One insight is that the vast majority of (cfa, fp, ra) tuples aren't
unique. They could be deduped by storing the unique tuples in a
standalone 'fre_data' array which is referenced by another
address-specific array.

struct fre_data {
s8|s16|s32 cfa, fp, ra;
u8 info;
};
struct fre_data fre_data[num_fre_data];


We had the same observation at the time of SFrame V1. And this method of compaction (deduped tuples) was brain-stormed a bit. Back then, the costs were thought to be:
- more work at build time.
- an additional data access once the FRE is found (as there is indirection).

So it was really compaction at the costs above. We did steer towards simplicity and the SFrame FRE is what it stands today.

The difference in the pros and cons now from then:
- pros: helps mitigate unaligned accesses
- cons: interferes slightly with the design goal of efficient addition and removal of stack trace information per function for JIT. Think "removal" as the set of actions necessary for addressing fragmentation in SFrame section data in JIT usecase.

The storage sizes of cfa/fp/ra can be a constant specified in the global
sframe header. It's fine all being the same size as it looks like this
array wouldn't typically be more than a few hundred entries anyway.

Then there would be an array of sorted FRE entries which reference the
fre_data[] entries:

struct fre {
s32|s64 start_address;
u8|u16 fre_data_idx;

} __packed;
struct fre fres[num_fres];

(For alignment reasons that should probably be two separate arrays, even
though not ideal for cache locality)

Here again the field storage sizes would be specified in the global
sframe header.

Note FDEs aren't even needed here as the unwinder doesn't need to know
when a function begins/ends. The only info needed by the unwinder is
just the fre_data struct. So a simple binary search of fres[] is all
that's really needed.


Splitting out information (start_address) to an FDE (as done in V1/V2) has the benefit that a job like relocating information is proportional to O(NumFunctions).

In the case above, IIUC, where the proposal puts start_address in the FRE, these costs will be (much) higher.

In addition, not being able to identify stack trace information per function will affect the JIT usecase. We need to able to mark stack trace information stale for functions in JIT environment.

I think the first conceptual landing point in the information layout should be a per-function entry.

But wait, there's more...

The binary search could be made significantly faster using a small fast
lookup array which is indexed evenly across the text address offset
space, similar to what ORC does:

u32 fre_chunks[num_chunks];

The text address space (starting at offset 0) can be split into
'num_chunks' chunks of size 'chunk_size'. The value of
fre_chunks[offset/chunk_size] is an index into the fres[] array.

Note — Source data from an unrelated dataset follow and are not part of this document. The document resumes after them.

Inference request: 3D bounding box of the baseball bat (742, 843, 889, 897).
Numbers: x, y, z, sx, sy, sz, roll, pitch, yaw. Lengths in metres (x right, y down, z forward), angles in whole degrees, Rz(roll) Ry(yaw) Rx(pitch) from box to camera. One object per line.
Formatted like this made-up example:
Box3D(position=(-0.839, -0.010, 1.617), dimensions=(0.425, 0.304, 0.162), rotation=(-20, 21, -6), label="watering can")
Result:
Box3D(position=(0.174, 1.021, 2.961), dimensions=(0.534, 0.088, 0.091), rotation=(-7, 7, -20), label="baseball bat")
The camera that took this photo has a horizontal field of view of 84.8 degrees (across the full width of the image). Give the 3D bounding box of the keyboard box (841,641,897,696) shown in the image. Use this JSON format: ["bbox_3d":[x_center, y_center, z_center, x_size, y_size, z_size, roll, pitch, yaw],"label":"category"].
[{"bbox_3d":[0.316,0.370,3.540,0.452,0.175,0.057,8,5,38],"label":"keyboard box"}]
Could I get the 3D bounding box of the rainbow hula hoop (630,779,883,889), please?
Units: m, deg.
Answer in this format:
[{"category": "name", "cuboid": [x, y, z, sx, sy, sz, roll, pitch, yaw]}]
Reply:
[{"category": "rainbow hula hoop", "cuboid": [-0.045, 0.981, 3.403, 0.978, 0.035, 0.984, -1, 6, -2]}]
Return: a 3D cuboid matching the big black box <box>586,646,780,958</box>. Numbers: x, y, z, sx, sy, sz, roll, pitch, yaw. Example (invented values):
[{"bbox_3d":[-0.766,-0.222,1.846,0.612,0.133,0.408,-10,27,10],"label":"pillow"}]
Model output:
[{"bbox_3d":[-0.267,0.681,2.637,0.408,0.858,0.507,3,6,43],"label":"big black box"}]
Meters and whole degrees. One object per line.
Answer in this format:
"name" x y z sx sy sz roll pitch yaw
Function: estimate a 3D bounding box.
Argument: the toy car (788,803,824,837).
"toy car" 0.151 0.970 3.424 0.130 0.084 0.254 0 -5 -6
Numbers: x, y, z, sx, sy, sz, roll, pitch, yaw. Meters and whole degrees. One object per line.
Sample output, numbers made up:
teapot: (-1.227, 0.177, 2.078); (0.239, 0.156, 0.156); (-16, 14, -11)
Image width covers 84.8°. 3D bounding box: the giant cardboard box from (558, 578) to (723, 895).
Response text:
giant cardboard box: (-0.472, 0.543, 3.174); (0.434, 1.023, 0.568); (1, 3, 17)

Taking my gdb binary as an example:

.text is 6417058 bytes, with 146997 total sframe FREs. Assuming a chunk
size of 1024, fre_chunks[] needs 6417058/1024 = 6267 entries.

For unwinding at text offset 0x400000, the index into fre_chunks[] would
be 0x400000/1024 = 4096. If fre_chunks[4096] == 96074 and
fre_chunks[4096+1] == 96098, you need only do a binary search of the 24
entries between fres[96074] && fres[96098] rather than searching the
entire 146997 byte array.

.sframe size calculation:

374 unique fre_data entries (out of 146997 total FREs!)
= 374 * (2 * 3) = 2244 bytes

146997 fre entries
= 146997 * (4 + 2) = 881982 bytes

.text size 6417058 (chunk_size = 1024, num_chunks=6267)
= 6267 * 8 = 43869 bytes

Approximate total .sframe size would be 2244 + 881982 + 8192 = 906k,
plus negligible header size. Which is smaller than the v2 .sframe on my
gdb binary (985k).

With the chunked lookup table, the avg lookup is:

log2(146997/6267) = ~4.5 iterations

whereas a full binary search would be:

log2(146997) = 17 iterations

So assuming I got all that math right, it's over 3x faster and the
binary is smaller (or at least should be roughly comparable).

Of course the downside is it's an all new format. Presumably the linker
would need to do more work than it's currently doing, e.g., find all the
duplicates and set up the data accordingly.